There is a lot of historical baggage regarding white privilege and cultural appropriation – especially with Chinese folks. (Also, side note: if these topics are foreign to you, please do not pester me with your questions. Not because I don’t want you to learn about these topics. Believe me. I do. But I’m not your teacher and Google exists for a reason. Use it.) As a result, it is hard for me to sort out all my feelings about this stuff.

It’s complicated.

I won’t lie. My sometimes ambivalent to slightly negative reaction to other people learning Mandarin is not entirely righteous indignation.

Part of it is that there is something nice to feeling as if you’re in an exclusive club. (You know, one in which at least a billion people in the world are a part of, but let’s not let facts get in the way of my silliness.) I’m sure it’s residual Chinese pride or something to that effect. (Hey, we’re called the Middle Country for a reason – because we think we’re the center of the world.)

The other part is just, for lack of a better word, sin. (More specifically, racism.)

I know this is a nasty part of me that wants to think myself superior to everyone else because I and my kids can speak Chinese. (Again, a skill that isn’t even unique.) And dammit if I don’t want to keep that superiority all to myself. I think of the disciples who complained to Jesus when they witnessed other people casting out demons in Jesus’s name and wanting Jesus to put a stop to that crap already. And Jesus smacks the disciples down and tells them to stop being such jackasses. (Ok, that’s perhaps not a direct quote.)

In the end, I know I cannot change the way I feel. You know, that gut reaction. But according to my therapist, that gut reaction is not who I am as a person. (When Dr. T told me that, I had a Good Will Hunting moment. I swear. TRANSFORMATIVE. I’ll post about it some other time.) How I choose to respond is.

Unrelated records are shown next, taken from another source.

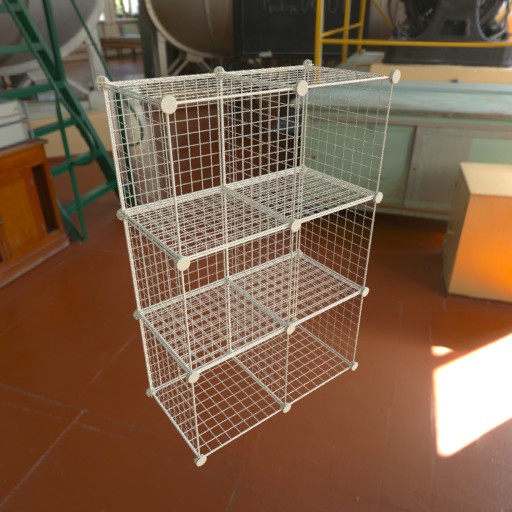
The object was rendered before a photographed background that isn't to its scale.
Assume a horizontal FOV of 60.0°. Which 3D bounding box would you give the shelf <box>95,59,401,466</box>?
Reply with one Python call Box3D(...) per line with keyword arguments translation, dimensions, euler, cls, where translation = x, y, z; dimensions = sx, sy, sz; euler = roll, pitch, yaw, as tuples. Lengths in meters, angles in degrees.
Box3D(translation=(0.000, 0.000, 1.388), dimensions=(0.711, 1.067, 0.356), euler=(-20, 35, -32), cls="shelf")
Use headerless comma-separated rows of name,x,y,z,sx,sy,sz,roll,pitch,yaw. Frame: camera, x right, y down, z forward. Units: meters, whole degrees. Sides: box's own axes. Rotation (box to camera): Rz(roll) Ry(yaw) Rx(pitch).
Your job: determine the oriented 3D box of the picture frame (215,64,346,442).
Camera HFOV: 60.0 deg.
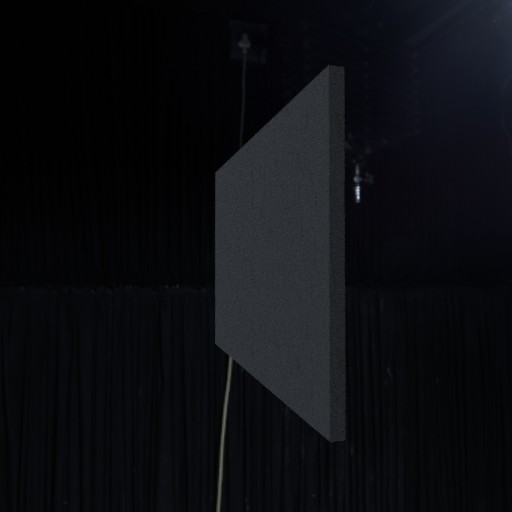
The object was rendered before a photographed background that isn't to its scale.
picture frame,0.000,0.000,1.210,0.029,0.640,0.950,0,-1,-17
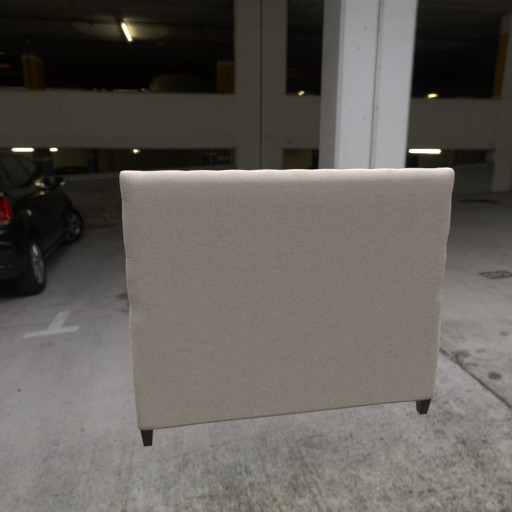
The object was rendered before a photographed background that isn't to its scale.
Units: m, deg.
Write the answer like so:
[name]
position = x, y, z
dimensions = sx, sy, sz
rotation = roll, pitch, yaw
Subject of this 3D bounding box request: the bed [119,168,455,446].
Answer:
[bed]
position = 0.000, 0.000, 3.418
dimensions = 1.698, 1.427, 2.387
rotation = -3, 14, -10
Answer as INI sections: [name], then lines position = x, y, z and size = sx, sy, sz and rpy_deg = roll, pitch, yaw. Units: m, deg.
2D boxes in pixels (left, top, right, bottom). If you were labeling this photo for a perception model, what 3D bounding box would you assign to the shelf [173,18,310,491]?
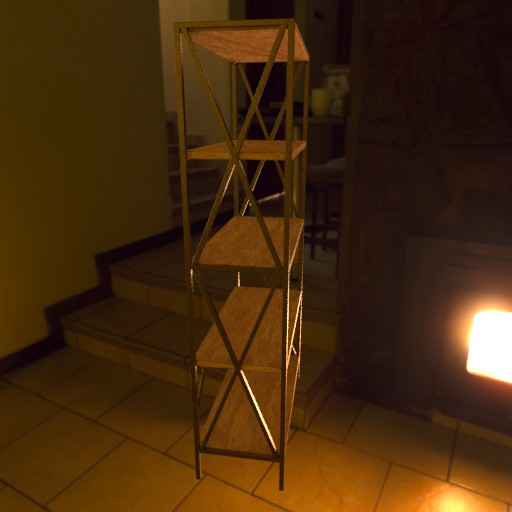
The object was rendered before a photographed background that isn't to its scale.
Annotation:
[shelf]
position = 0.000, 0.000, 2.058
size = 0.386, 1.803, 0.874
rpy_deg = 3, 18, 9
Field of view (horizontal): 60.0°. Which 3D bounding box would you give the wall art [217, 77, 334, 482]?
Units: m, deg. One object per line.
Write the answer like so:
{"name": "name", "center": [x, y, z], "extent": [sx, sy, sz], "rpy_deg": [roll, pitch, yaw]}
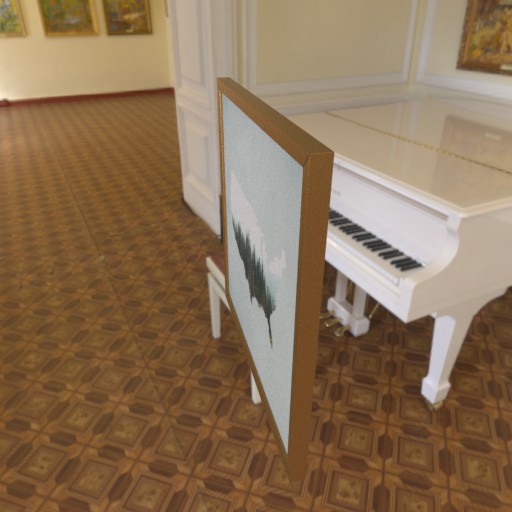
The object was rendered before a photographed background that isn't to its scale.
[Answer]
{"name": "wall art", "center": [0.000, 0.000, 1.145], "extent": [0.038, 0.762, 0.762], "rpy_deg": [-7, 31, -12]}
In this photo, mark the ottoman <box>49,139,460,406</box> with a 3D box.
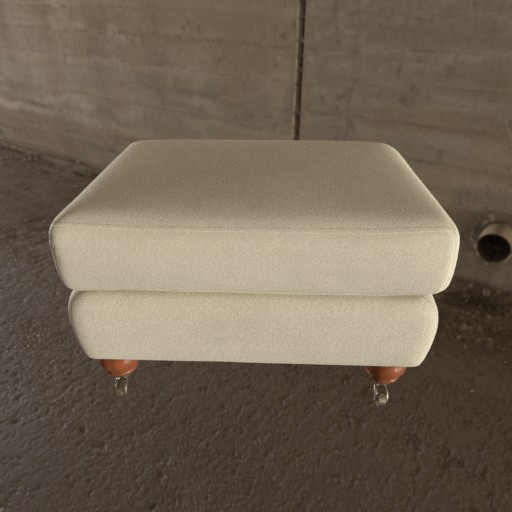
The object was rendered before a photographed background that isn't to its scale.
[{"bbox_3d":[0.000,0.000,1.123,0.773,0.499,0.569,1,30,2],"label":"ottoman"}]
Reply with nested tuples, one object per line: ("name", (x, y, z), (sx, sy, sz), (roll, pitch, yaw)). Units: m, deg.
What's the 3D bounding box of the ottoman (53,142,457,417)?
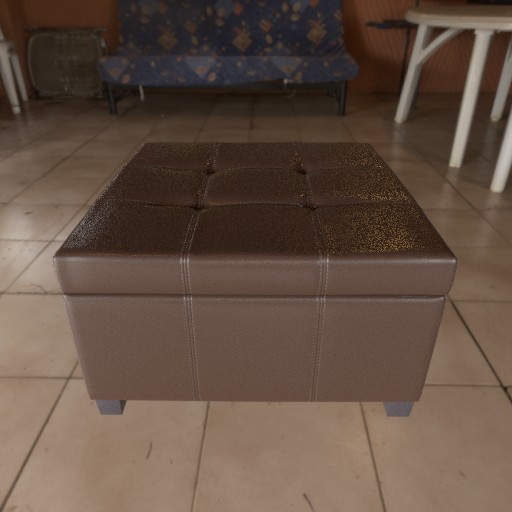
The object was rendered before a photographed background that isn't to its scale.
("ottoman", (0.000, 0.000, 1.277), (0.788, 0.460, 0.787), (0, 30, 0))
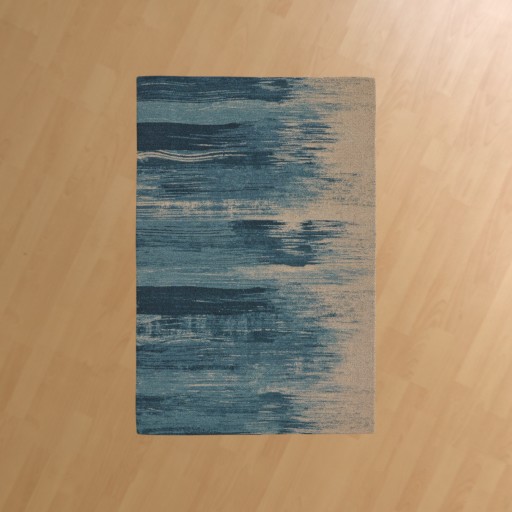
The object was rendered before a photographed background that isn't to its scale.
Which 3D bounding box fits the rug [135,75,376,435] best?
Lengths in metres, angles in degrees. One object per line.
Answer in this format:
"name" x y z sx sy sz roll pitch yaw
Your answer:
"rug" 0.000 0.000 2.267 1.232 0.009 1.836 0 90 -1
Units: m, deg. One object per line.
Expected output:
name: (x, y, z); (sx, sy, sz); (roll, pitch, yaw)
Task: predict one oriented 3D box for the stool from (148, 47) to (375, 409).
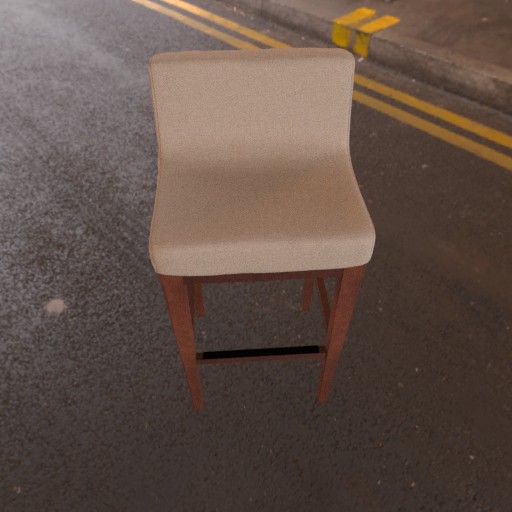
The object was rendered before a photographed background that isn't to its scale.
stool: (0.000, 0.000, 1.322); (0.511, 1.037, 0.500); (-3, 46, -3)
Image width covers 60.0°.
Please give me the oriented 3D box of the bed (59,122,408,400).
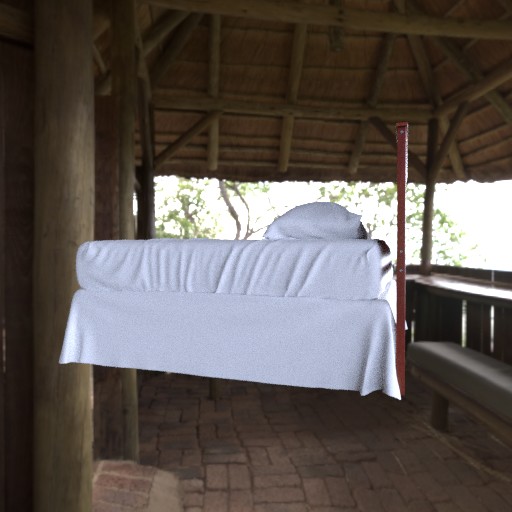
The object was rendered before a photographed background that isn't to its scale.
[{"bbox_3d":[0.000,0.000,3.148,2.050,1.270,1.870,0,1,19],"label":"bed"}]
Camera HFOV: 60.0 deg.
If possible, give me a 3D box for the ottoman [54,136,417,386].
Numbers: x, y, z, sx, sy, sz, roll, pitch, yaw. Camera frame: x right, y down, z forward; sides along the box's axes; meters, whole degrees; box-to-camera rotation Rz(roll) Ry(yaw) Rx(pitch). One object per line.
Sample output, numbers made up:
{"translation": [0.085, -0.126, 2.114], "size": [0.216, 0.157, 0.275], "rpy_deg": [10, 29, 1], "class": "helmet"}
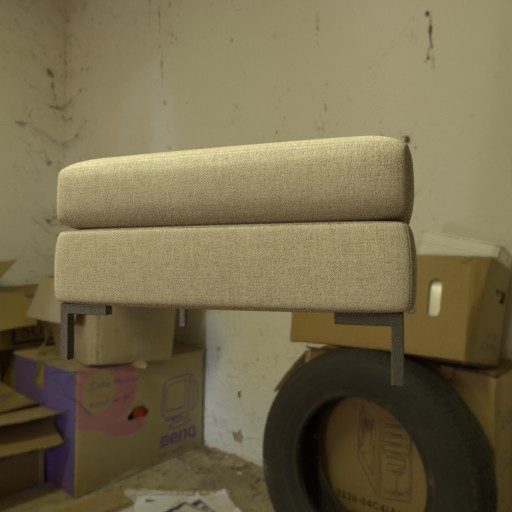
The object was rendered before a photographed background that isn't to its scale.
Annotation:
{"translation": [0.000, 0.000, 1.221], "size": [0.820, 0.490, 0.671], "rpy_deg": [0, -1, 18], "class": "ottoman"}

So, even though I am somewhat fearful and skeptical and truthfully, a lot suspicious, I choose to be optimistic and open and gracious. I choose to welcome all people into the wonderful world of Mandarin immersion and pass along any advice, tips, and commiseration that I can. Because in the end, what I truly desire is to be a person who is good to all people – regardless of my own personal baggage. I want to be a person that my children can be proud of, and if that helps my kids become fluent in Mandarin, all the better.

Thanks for reading, friends. Even all my ugly parts.